This is taken from a football page on Facebook. It’s a great read.

Frank Worthington obituary

In 1972 Frank Worthington was about to sign for Liverpool for £150,000 when the club doctor checked his blood pressure as a formality. As the dial shot up, Liverpool’s manager, Bill Shankly, stroked his chin. “Aye son, it’s just tension.” He thought Worthington was overwhelmed with excitement at joining the Reds and told him to take a holiday in Majorca and come back.
Over the next two weeks of his Balearic escapade, Worthington (who was dating Miss GB at the time) had an encounter with a woman he met on the flight, a threesome with a Swedish mother and daughter and a romp with a Belgian model.
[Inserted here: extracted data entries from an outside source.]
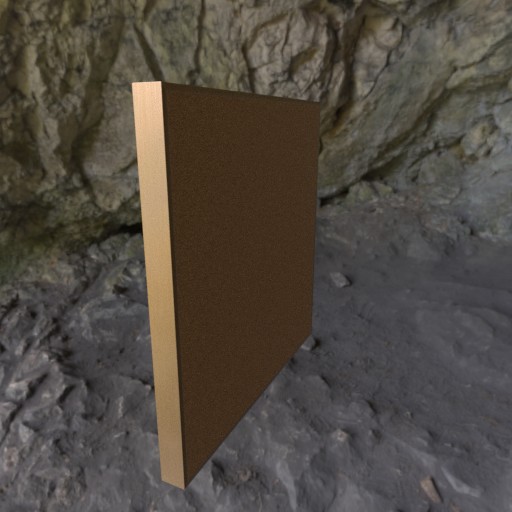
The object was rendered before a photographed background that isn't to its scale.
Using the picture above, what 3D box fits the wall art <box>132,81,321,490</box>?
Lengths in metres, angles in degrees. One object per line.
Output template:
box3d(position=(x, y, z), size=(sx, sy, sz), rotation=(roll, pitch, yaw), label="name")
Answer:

On his return to Liverpool the blood pressure dial shot up to maximum again.
The maverick Yorkshireman, who looked like David Niven, wore cowboy boots and drove a Ford Mustang, signed for Leicester City instead for a more modest fee. Some months later he lined up for Leicester at Chelsea, whose star guest that day was Raquel Welch. As Chelsea stars clamoured in vain for the Hollywood siren’s phone number after the match, Worthington sold them the sort of dummy he was famous for on the pitch and whisked Welch off to a nightclub. “She tried to kiss me on the dance floor,” recalled Worthington. “Happily, I didn’t have my moustache at the time. She wore the tightest jeans I have ever seen.”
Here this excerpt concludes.